When Eastern Heroes in the UK released Wilson Tong's Snake Deadly Act on video back in 1995, it had reportedly been hard to obtain ever since its run in 1980. It's notable for that as well as being the only starring vehicle for Ng Kun Lung and for also featuring one of the most abrupt endings in martial arts cinema history.

But that's not really notable positives as such and Snake Deadly Act doesn't come off as anything special, even though it certainly doesn't try either. The obvious template is the successful one set by Snake In The Eagle's Shadow and in particular Drunken Master with Ng Kun Lung being launched as a Jackie Chan style hero here. Ng does have abilities, no doubt, but doesn't possess any of the winning charisma that Jackie had brought. Even with solid players outside of Ng's casting such as Wilson Tong, Fung Hak-On, Chan Wai Man, Phillip Ko and Angela Mao, the end result is just an assembly line product. Tong's action is lively and intricate but lacks a certain polish that the best of the action directors had. Despite, Snake Deadly Act is a harmless waste of time and don't expect a gem just because it once was rare. Also with Bolo, Tai Po and Cheng Hong-Yip.
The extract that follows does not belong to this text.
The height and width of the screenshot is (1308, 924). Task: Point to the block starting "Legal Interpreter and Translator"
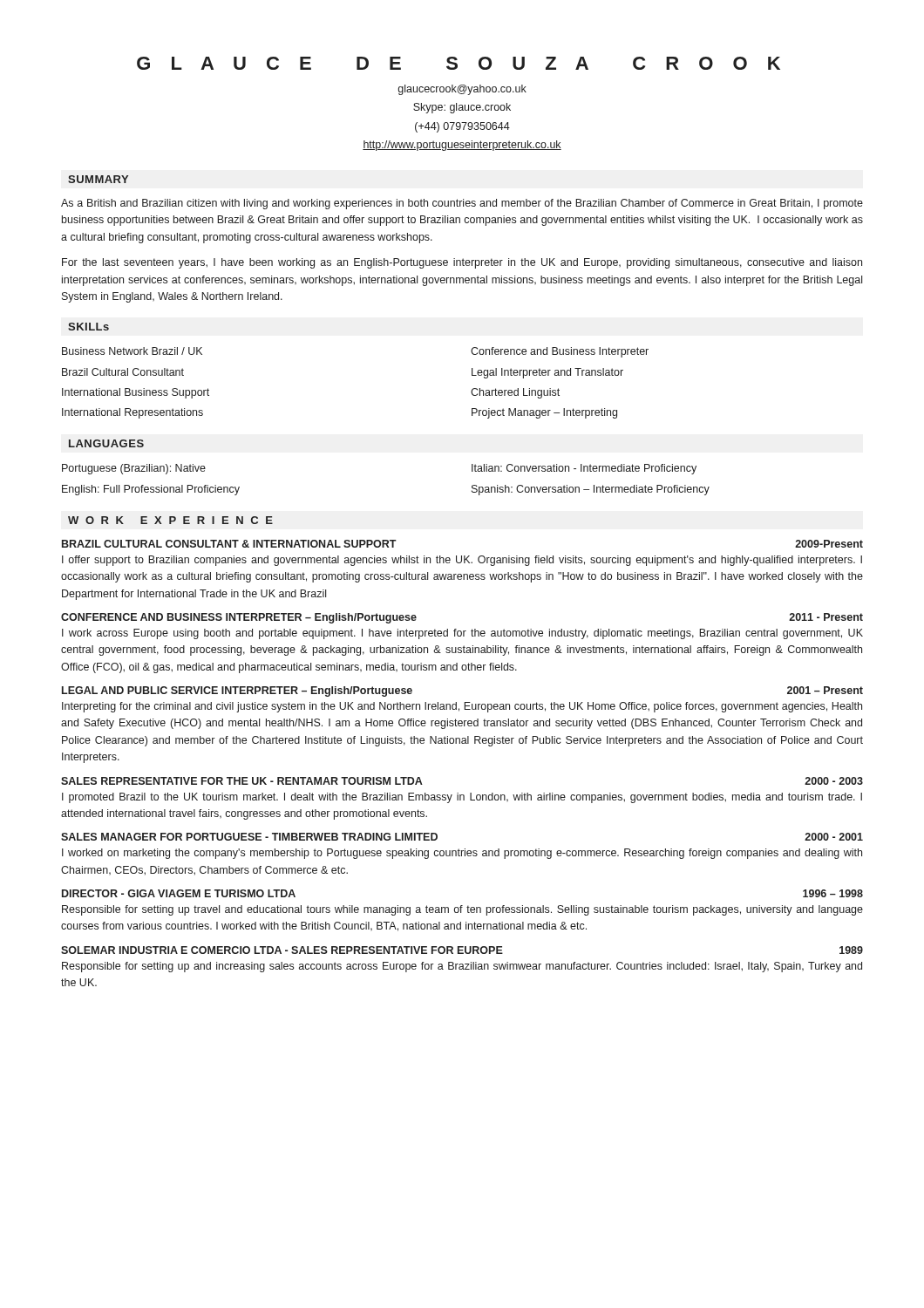547,372
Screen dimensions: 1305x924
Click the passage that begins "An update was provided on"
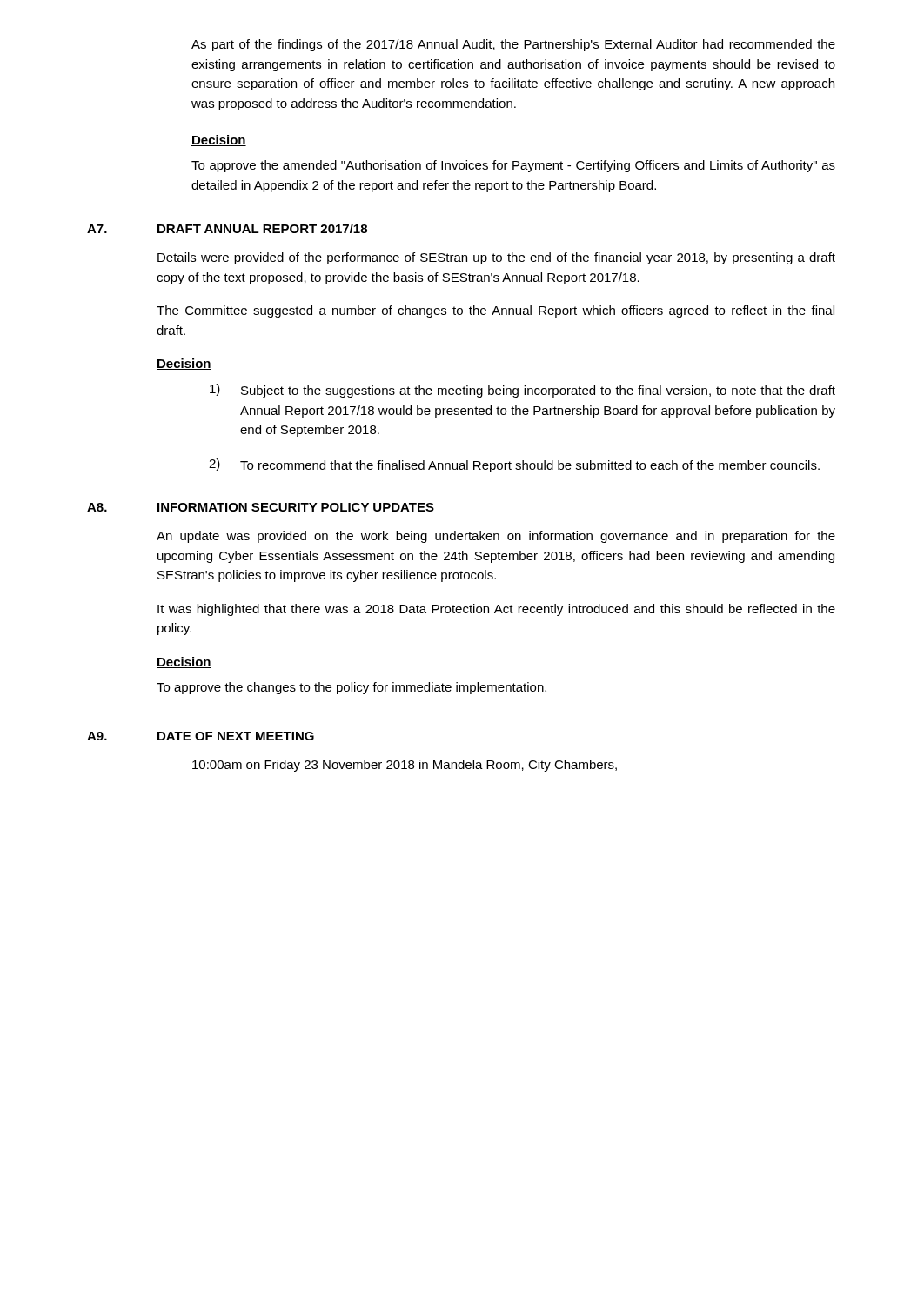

In an odd move, Eastern Heroes dvd presentation uses the same subtitled print found on the VHS release but drops the original Cantonese track in favour of an English dub only. The tape is still readily available though.

Snake In The Eagle's Shadow (1978) Directed by: Yuen Woo-Ping

A classic not so much based on its depth and weight as part of the martial arts genre but more having to do with the impact it had when released in 1978. Star Jackie Chan was on loan from Lo Wei's production company to Seasonal Film Corporation and it proved to be a masterful decision on producer Ng See-Yuen's behalf. Snake In The Eagle's Shadow became a box-office hit and established Jackie as a bonafide star after years of making unsuccessful movies under the direction of Lo Wei. His agility, lightness of body and innocent charm is one of the many reasons why Snake In The Eagle's Shadow still holds up.

Snake In The Eagle's Shadow certainly wasn't the first kung-fu comedy but it firmly ignited the combination at the box-office. It doesn't set the house on fire today, at least not with Westerners, as much of the comedy is broad but when placing the comedy within action choreography, it holds up better and is fun. The traditional martial arts on display is entertaining and intricate as well, with the best elements found in the latter reels. All this of course orchestrated by Yuen Woo-Ping behind the scenes in his directing debut and as an actual storyteller, he gets surprising warmth out of the relationship between Jackie and Simon Yuen's (Yuen Woo-Ping real life father) characters. Simon would from this point on by synonymous with the beggar character, drunken or not, and leaves a charismatic impression in this first outing when doning his classic wear. Korean superkicker and legendary movie villain, Hwang Jang Lee, having debuted in Secret Rivals at Seasonal, brings much power as the Eagle's Claw master. So much so that he knocked out a tooth of Jackie Chan's while filming their first fight, a shot that's in the film. If that incident is due to the finale being disappointingly short, I can't say, but that fact is one of the true disappointments of the film. Dean Shek, Peter Chan Lung, Fung Hark On, Hsu Hsia and Roy Horan also appear.

The remastered Mei Ah dvd of course features the uncut version of cat vs. cobra fight, a scene that still won't pass censors in the United Kingdom due to their stance on animal cruelty and it's hard not to squirm even though it's a storyelement. It definitely does disrupt what is a rather light, generic but very important genre effort.